● Exercise goal: Whenever the word "each" turns up in a line below, that line should be copied.

(Recorded data)
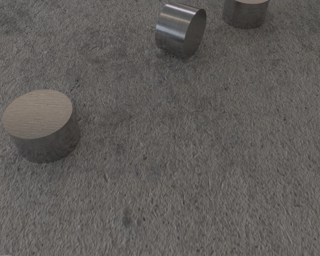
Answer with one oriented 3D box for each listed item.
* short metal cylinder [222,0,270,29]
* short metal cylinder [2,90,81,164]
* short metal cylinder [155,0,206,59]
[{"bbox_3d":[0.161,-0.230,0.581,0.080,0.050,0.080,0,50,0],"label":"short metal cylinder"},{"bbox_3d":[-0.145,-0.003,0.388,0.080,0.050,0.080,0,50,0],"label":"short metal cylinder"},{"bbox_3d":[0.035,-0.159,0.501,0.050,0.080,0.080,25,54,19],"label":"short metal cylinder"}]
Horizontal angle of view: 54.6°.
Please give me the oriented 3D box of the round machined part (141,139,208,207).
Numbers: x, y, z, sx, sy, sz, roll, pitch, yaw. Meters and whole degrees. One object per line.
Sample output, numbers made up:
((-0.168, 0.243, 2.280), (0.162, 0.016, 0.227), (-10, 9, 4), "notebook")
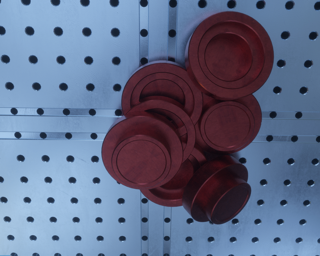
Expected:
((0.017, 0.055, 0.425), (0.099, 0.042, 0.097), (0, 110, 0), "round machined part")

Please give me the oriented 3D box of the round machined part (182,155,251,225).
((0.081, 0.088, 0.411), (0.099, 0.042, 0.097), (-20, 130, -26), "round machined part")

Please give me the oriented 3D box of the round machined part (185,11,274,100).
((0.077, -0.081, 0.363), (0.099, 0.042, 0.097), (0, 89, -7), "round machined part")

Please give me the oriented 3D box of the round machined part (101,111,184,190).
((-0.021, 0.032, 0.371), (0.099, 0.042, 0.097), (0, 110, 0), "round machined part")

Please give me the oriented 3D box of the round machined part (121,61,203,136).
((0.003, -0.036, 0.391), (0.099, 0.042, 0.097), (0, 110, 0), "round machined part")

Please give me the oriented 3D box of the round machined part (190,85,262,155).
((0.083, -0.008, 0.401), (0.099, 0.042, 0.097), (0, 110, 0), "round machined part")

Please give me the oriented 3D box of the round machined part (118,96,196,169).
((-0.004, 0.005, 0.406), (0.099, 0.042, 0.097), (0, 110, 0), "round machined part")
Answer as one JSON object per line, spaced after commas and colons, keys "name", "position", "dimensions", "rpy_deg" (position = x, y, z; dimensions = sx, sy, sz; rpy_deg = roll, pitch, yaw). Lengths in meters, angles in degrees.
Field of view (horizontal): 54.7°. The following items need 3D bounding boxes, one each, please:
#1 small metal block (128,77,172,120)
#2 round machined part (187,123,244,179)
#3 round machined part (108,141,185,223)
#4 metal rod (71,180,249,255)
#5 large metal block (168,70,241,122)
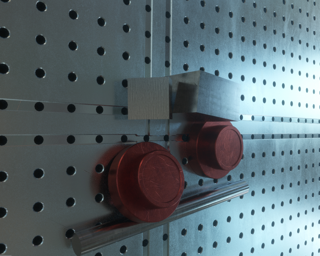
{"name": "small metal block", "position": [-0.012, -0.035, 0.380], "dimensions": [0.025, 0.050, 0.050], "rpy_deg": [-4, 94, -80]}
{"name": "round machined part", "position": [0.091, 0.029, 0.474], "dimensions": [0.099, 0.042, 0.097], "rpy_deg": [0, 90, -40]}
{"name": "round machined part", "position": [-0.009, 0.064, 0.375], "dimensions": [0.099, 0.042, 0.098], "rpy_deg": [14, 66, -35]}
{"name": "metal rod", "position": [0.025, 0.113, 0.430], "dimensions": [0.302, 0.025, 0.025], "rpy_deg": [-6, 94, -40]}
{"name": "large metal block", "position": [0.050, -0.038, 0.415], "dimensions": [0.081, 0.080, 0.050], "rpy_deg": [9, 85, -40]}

* * *

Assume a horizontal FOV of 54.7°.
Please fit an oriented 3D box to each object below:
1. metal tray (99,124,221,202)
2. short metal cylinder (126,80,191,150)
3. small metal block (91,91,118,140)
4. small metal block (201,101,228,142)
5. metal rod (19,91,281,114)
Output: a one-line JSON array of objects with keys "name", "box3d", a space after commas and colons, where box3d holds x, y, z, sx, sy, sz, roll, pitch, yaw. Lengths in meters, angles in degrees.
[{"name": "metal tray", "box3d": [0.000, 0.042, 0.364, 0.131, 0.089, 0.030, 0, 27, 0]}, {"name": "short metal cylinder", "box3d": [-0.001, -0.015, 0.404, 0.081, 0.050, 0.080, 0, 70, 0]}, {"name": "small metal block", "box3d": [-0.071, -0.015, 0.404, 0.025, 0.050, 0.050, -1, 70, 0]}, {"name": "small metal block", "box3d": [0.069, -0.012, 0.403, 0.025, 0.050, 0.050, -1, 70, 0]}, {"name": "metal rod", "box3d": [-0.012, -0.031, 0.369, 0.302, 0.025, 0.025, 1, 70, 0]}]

● Reply:
Answer with one oriented 3D box for each listed item.
Field of view (horizontal): 54.7°. The following items need 3D bounding boxes, one each, please:
Please fit an oriented 3D box to each object below:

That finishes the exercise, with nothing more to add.